You are confusing two notions which are totally different :

• the gravitational potential : the deeper into a (negative) gravitational potential, the slower the clock. Whatever method you use to measure the time, all clocks there will measure the same time. You are right in as much as all clocks will be slower there than clocks very far from the bottom of the potential, but this will be the case for all clocks, whether you use a pendulum, an old fashioned spring-based watch, or a quartz watch. The unit of the gravitational potential is $m^2/s^2$, namely the square of a velocity.

• the gravitational field which is the gradient of the gravitational potential, and is usually noted $g$. The unit of the gravitational field is $m/s^2$, an acceleration.

And if you use a pendulum as your clock, indeed, it will oscillate faster in a stronger field. Note that the frequency also depends on its length so anyway it is not just the number of oscillations that determines the time that has elapsed. You get the time by multiplying the number of oscillations by the correct period. So a longer pendulum oscillates more slowly than a short one, but they measure the same time, if you do it correctly. So the fact that the period is shorter in a stronger field has nothing to do with the measure of time. You take both the length of the pendulum and the strength of the field into account when using your oscillating pendulum as a time measuring apparatus.

There is no direct relationship between gravitational potential and gravitational field. For instance the gravitational potential due to the Sun to an object on Earth orbit is about 14 times the one due to the Earth on an object on Earth surface. That means that an object on Earth surface has in fact a total negative gravitational potential 15 times "deeper". The "escape velocity" from gravitational potential of Earth is 11,2 km/s to overcome a potential of about $-125 (km/s)^2$: ignoring the friction of the atmosphere, a projectile sent at that speed will not fall back on Earth. But it will fall back on the Sun. To escape from the solar system one should send it at about 43 km/s to overcome a potential 15 times deeper (the square of 43 being about 15 times that of 11.2).
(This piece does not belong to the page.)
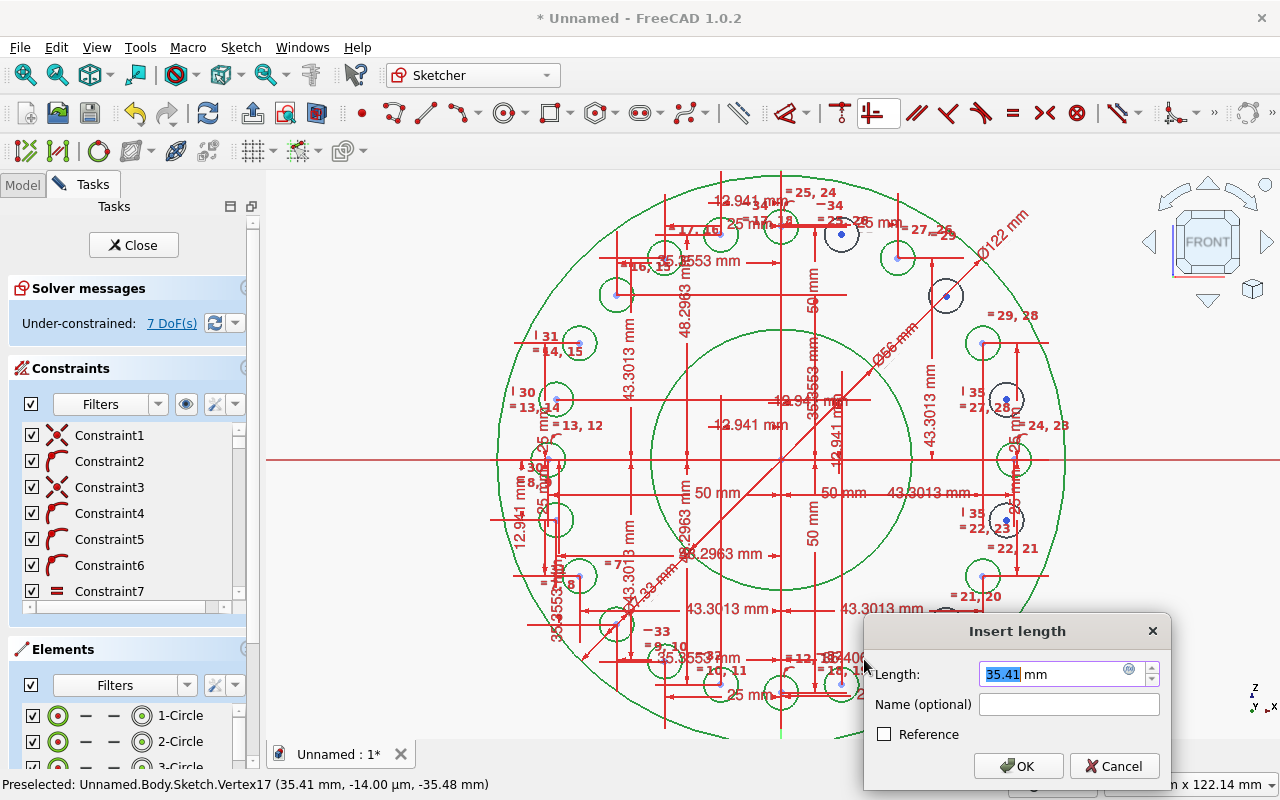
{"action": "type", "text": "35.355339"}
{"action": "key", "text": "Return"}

Contrariwise, the gravitational field of the Sun on the surface of the Earth is a paltry 0,06% of that of the Earth ! The reason is that the Sun being so far away compared to the center of the Earth, its gravitational potential varies very little with the position. Therefore, its gradient (the field) is much less than the gradient of the smaller gravitational potential of the Earth which varies much more rapidly with the distance from center of the Earth.

Answer 4

A rod is a pendulum. Is a rod a clock? No, I don't think so.

A pendulum clock is a clock. Do I need to justify that claim?
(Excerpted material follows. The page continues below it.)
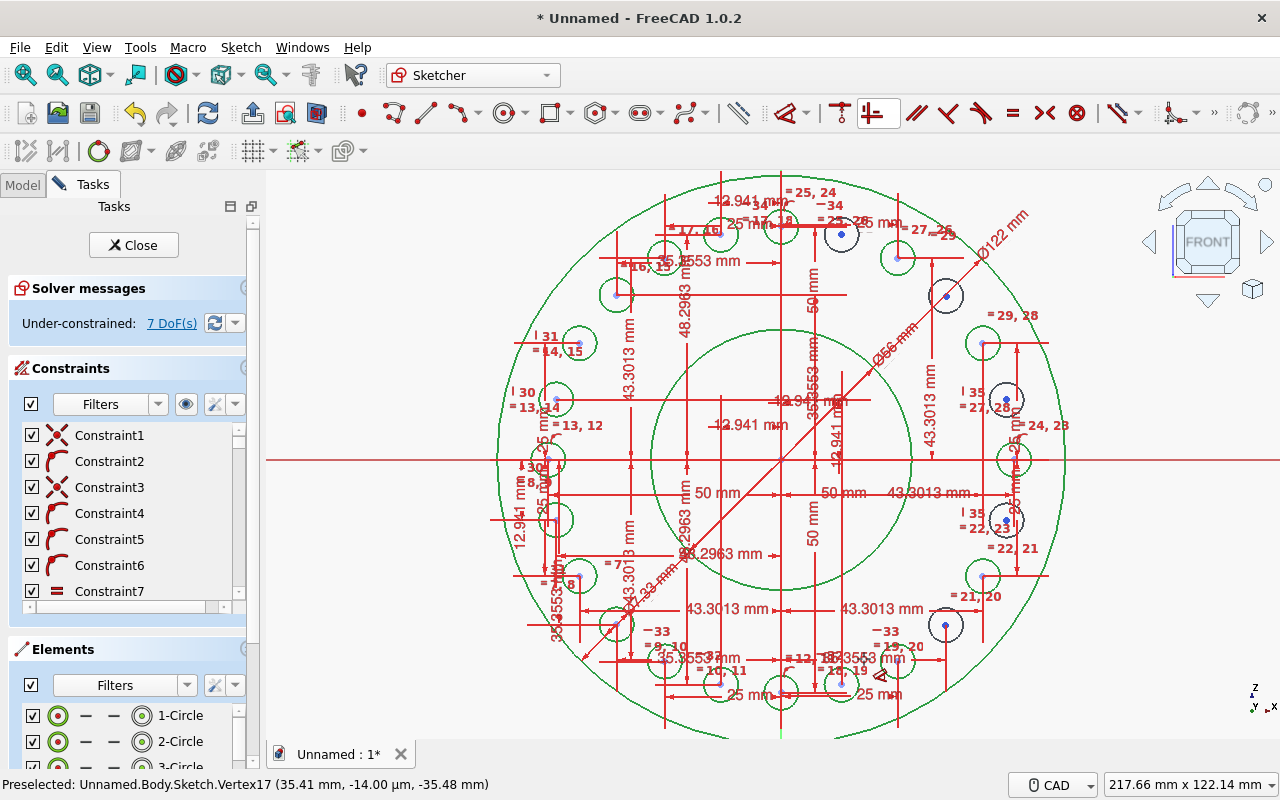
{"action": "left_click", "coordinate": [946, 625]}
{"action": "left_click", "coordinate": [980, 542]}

From the above we conclude that a pendulum is not a pendulum clock, and a pendulum clock is not a pendulum.

Now the question arises what is a pendulum clock?

Well, I would say that its a rod and a gravitating mass. And some support structure that keeps the rod and the mass separated.

This pendulum clock is such that it gets seriously messed up by nearby extra masses, it speeds up a lot or slows down a lot.

But if extra masses are placed symmetrically around the pendulum clock, then the clock slows down slightly as as predicted by general relativity. General relativity says that masses have that effect on clocks. That by the way is more correct statement than the "gravity has effect on clocks".

Answer 5

I believe you could see it as such, that the pendulum is capable of measuring 'time' in the configuration space, but is not a valid timekeeper in the spacetime manifold, which has 'time' as the fourth dimension in its tensors. These two 'times' are not congruent and contradicting, as you rightfully identified. This is exactly the problem between quantum mechanics (configuration space/ state space to be more precise) and the spacetime manifold. They haven't solved this, as this gets near the problem of quantum gravity.